Cladribine, a nucleotide (deoxyadenosine) analogue, inhibits deoxyribonucleic acid (DNA) synthesis in proliferating lymphocytes, causing DNA damage and depleting their number by apoptosis and autophagy. Teriflunomide is a selective inhibitor of dihydroorotate dehydrogenase (DHODH), an enzyme required for pyrimidine synthesis in mitochondria. The inhibition of DHODH impairs DNA synthesis and blocks lymphocyte proliferation; however, unlike cladribine, teriflunomide is not a nucleotide analog, does not intercalate into DNA and does not decrease the viability of non-proliferating cells. Like interferons, glatiramer acetate and fumarates have immunomodulatory effects, effecting a change in the lymphocyte population and a shift from a Th1 pro-inflammatory response to a Th2 anti-inflammatory response. However, their mechanisms of action at the molecular level are unknown. Sphingosine 1-phosphate (S1P) receptor modulators (fingolimod, siponimod, ozanimod and ponesimod) bind to one or more subtypes of S1P receptors, a class of cell-surface receptors that is expressed in multiple tissues and organ systems, including the immune system.

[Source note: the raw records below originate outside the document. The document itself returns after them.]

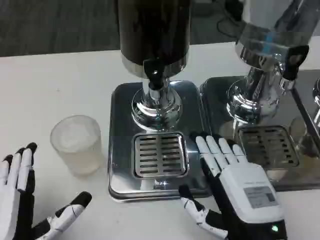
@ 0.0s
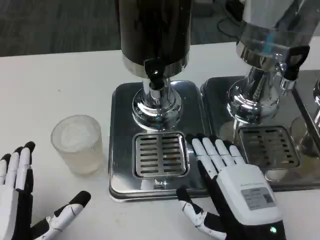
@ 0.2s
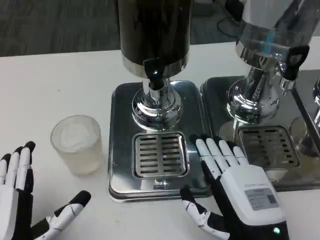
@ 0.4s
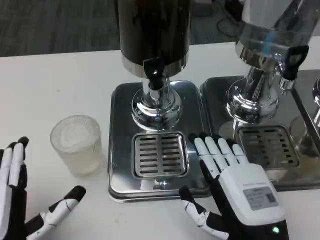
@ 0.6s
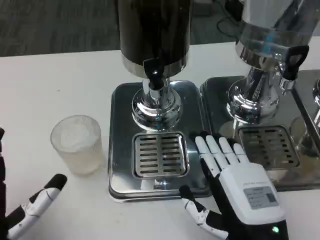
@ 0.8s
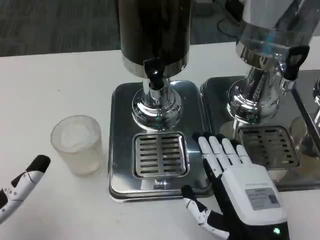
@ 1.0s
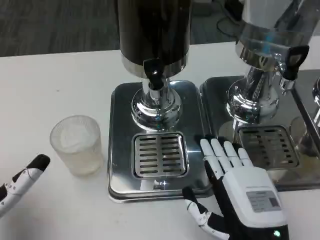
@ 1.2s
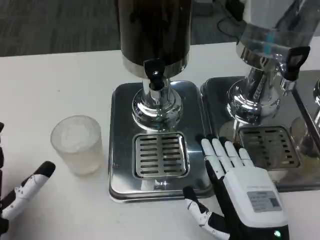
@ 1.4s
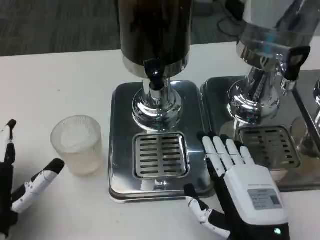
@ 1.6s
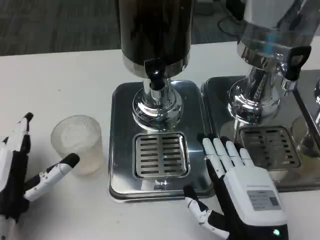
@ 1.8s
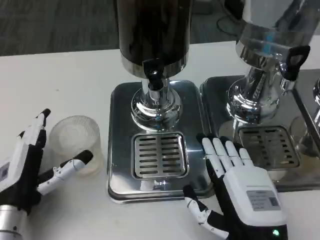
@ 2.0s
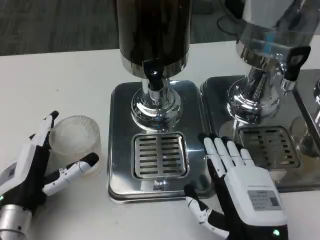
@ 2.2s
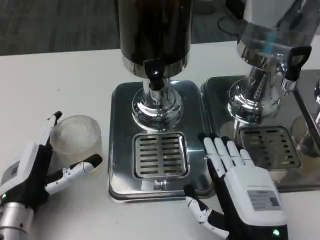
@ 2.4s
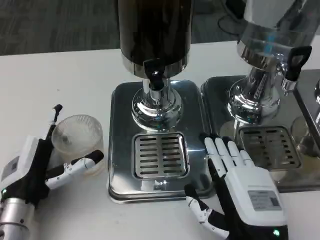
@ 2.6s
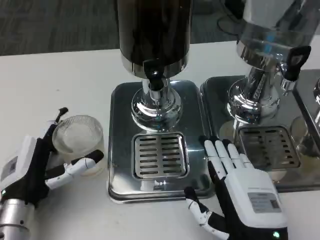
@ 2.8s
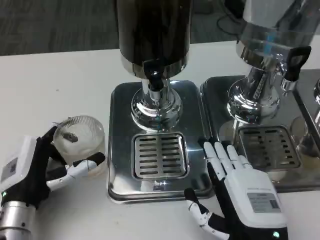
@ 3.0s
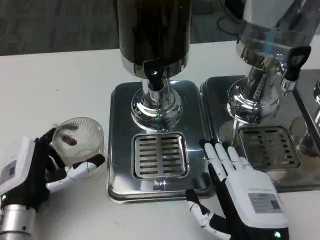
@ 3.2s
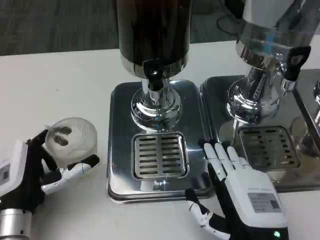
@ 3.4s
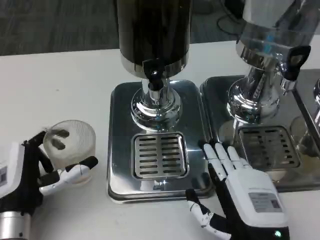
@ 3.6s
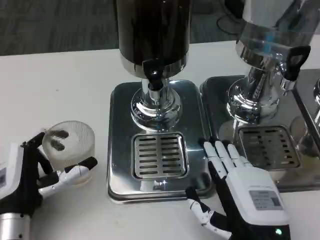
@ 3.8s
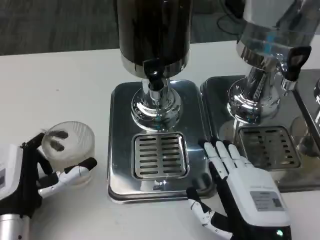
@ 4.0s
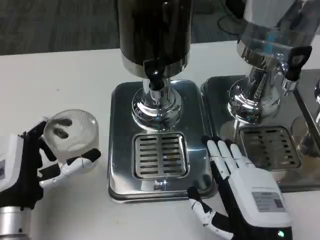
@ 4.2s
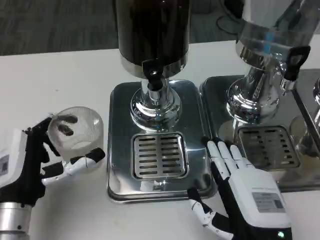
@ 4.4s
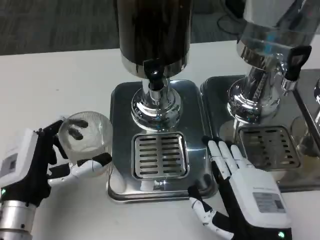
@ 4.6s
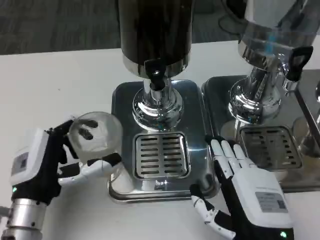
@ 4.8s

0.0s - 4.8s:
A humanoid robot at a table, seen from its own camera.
Task of the whole recording: Grasp the cup under the faucet to collect the drink, then remove the cup.
0.0s - 1.6s: The left hand heads forward, covering approximately 5 cm.
1.6s - 3.2s: The hands stay close to where they were, moving slightly.

Although the exact mechanism for their efficacy in MS is unknown, S1P receptors are believed to act through inhibiting the ability of lymphocytes to leave the lymph nodes, reducing lymphocyte numbers in peripheral blood and therefore in the central nervous system (CNS). Five monoclonal antibodies have received Food and Drug Administration (FDA) approval for use in MS. The first, natalizumab (approved in 2004), binds the leukocyte-expressed VLA-4 antigen (the α4β1 integrin, which is required for efficient cell migration); this inhibits the migration of lymphocytes into the CNS. The other four act by depleting lymphocyte numbers: alemtuzumab depletes both T and B cells by binding an antigen common to both cell types (CD52), while ocrelizumab, ofatumumab and ublituximab deplete B cells by targeting a B cell-specific antigen (CD20). Mitoxantrone, a type II topoisomerase inhibitor, also inhibits lymphocyte proliferation, but is uncommonly used today since most other DMTs have a better safety profile.
There are 19 individual DMT agents approved for use in the United States; these agents, their mechanisms of action, key efficacy data, and main adverse events (AEs), are shown in Table 3-4. In the table, the agents are organized into three categories based on the mode of administration: injection-based, including subcutaneous (SC) and intramuscular (IM); oral; and intravenous (IV). The primary endpoint in the efficacy trials was annualized relapse rate (ARR), which is the average number of relapses for a group of patients in a trial. The other measure of efficacy shown in Table 3-4 is confirmed disability worsening (CDW), which measures the increase in the EDSS score or another measure of disability, which may have varied in individual trials.
Most DMTs are approved for the treatment of Relapsing-Remitting MS (RRMS) or active Secondary Progressive MS (SPMS), since these forms of MS are thought to be driven by peripheral immune activation. Ocrelizumab is, to date, the only DMT to be approved for Primary Progressive MS (PPMS), based on data that showed a 24% risk reduction in 12-week CDW (defined as a ≥ 1.0-point increase from baseline in the EDSS score, or ≥0.5-point increase if the baseline EDSS score was >5.5, sustained for 12 or more weeks) in patients with PPMS treated with ocrelizumab compared to those who received the placebo.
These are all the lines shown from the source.